- **MATERIAL FOR THIS TASK**:
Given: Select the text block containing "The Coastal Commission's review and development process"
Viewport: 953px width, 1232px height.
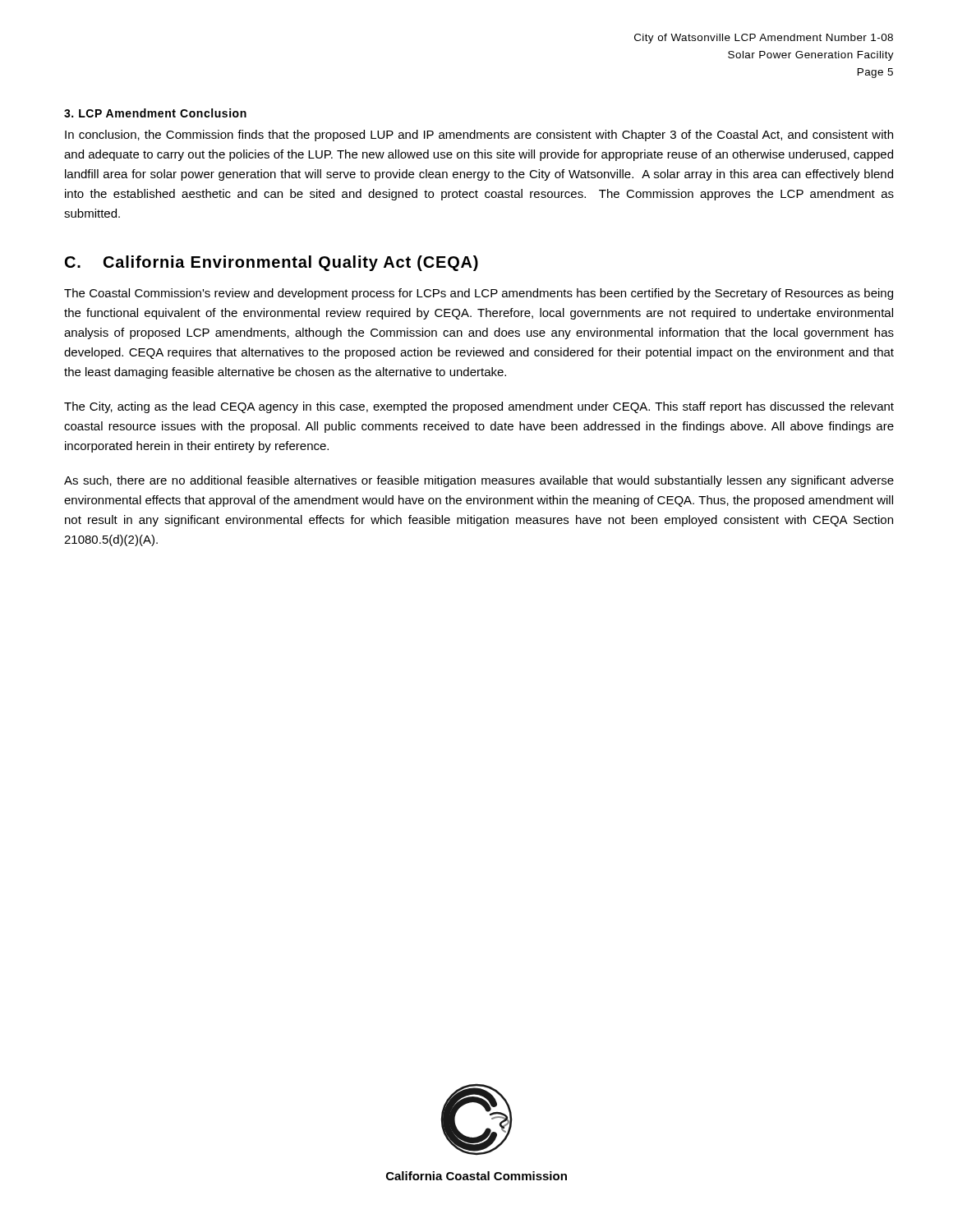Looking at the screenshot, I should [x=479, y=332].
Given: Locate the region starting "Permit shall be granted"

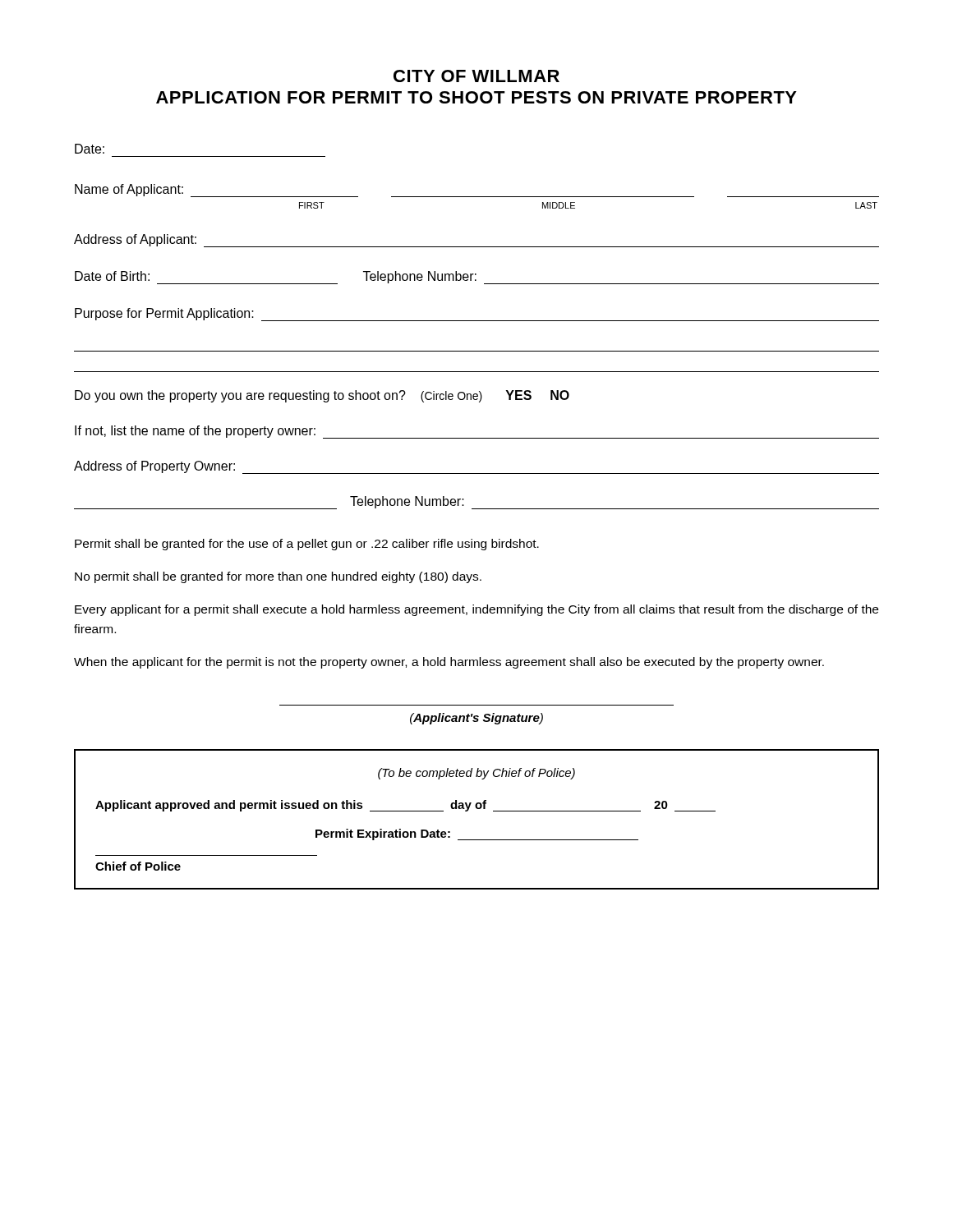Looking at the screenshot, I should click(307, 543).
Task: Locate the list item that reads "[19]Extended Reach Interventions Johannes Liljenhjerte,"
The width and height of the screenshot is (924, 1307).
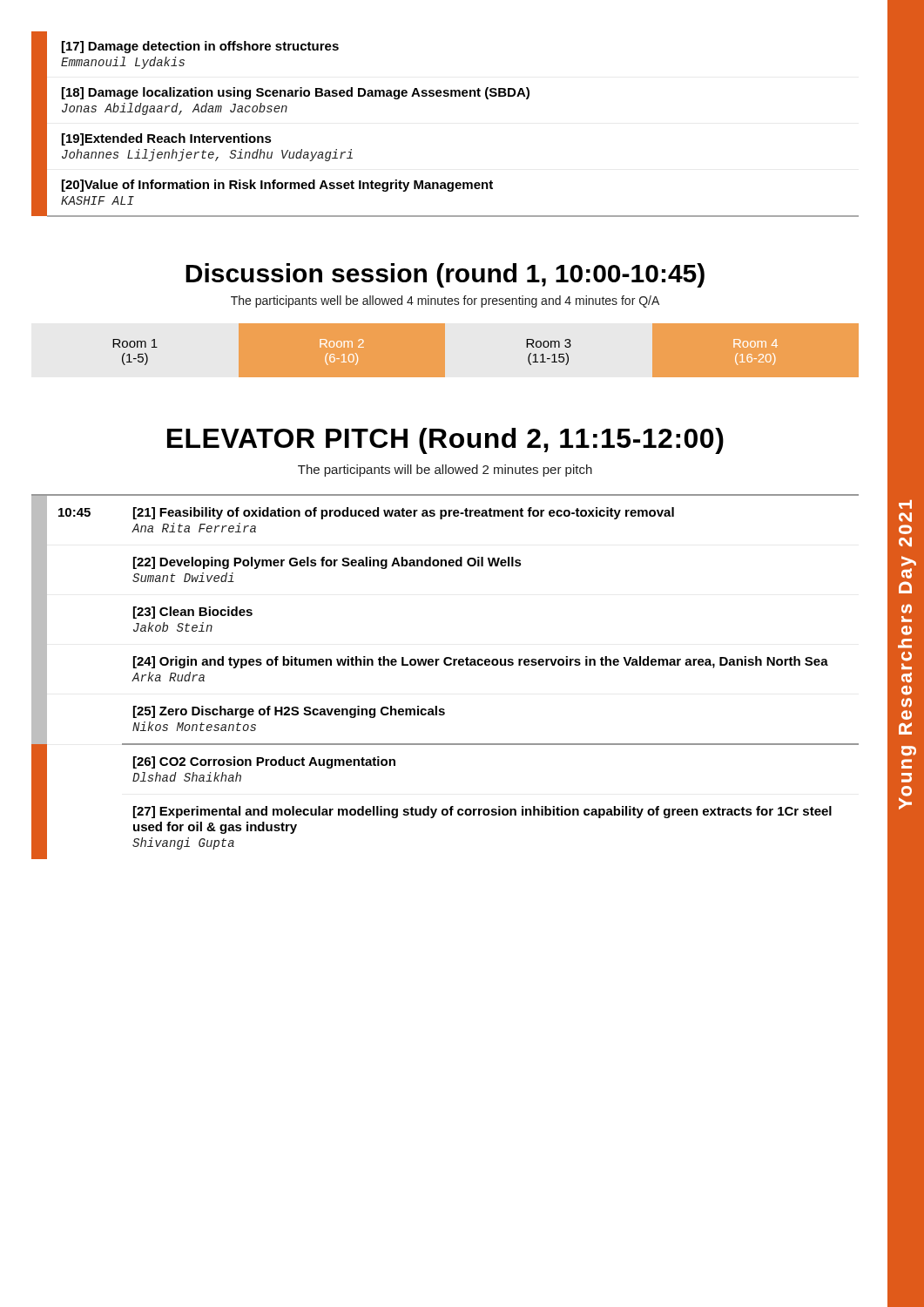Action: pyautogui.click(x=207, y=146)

- **WHAT TO PRODUCE**: Each line from the one holding "Given: Locate the" through the end of the listing is to be output exactly, both ends included, with no other lines and the pictures left out.

- **RESPONSE AREA**:
Given: Locate the region starting "Permit shall be granted"

Looking at the screenshot, I should click(307, 543).
Task: Locate the list item that reads "[19]Extended Reach Interventions Johannes Liljenhjerte,"
The width and height of the screenshot is (924, 1307).
Action: pyautogui.click(x=207, y=146)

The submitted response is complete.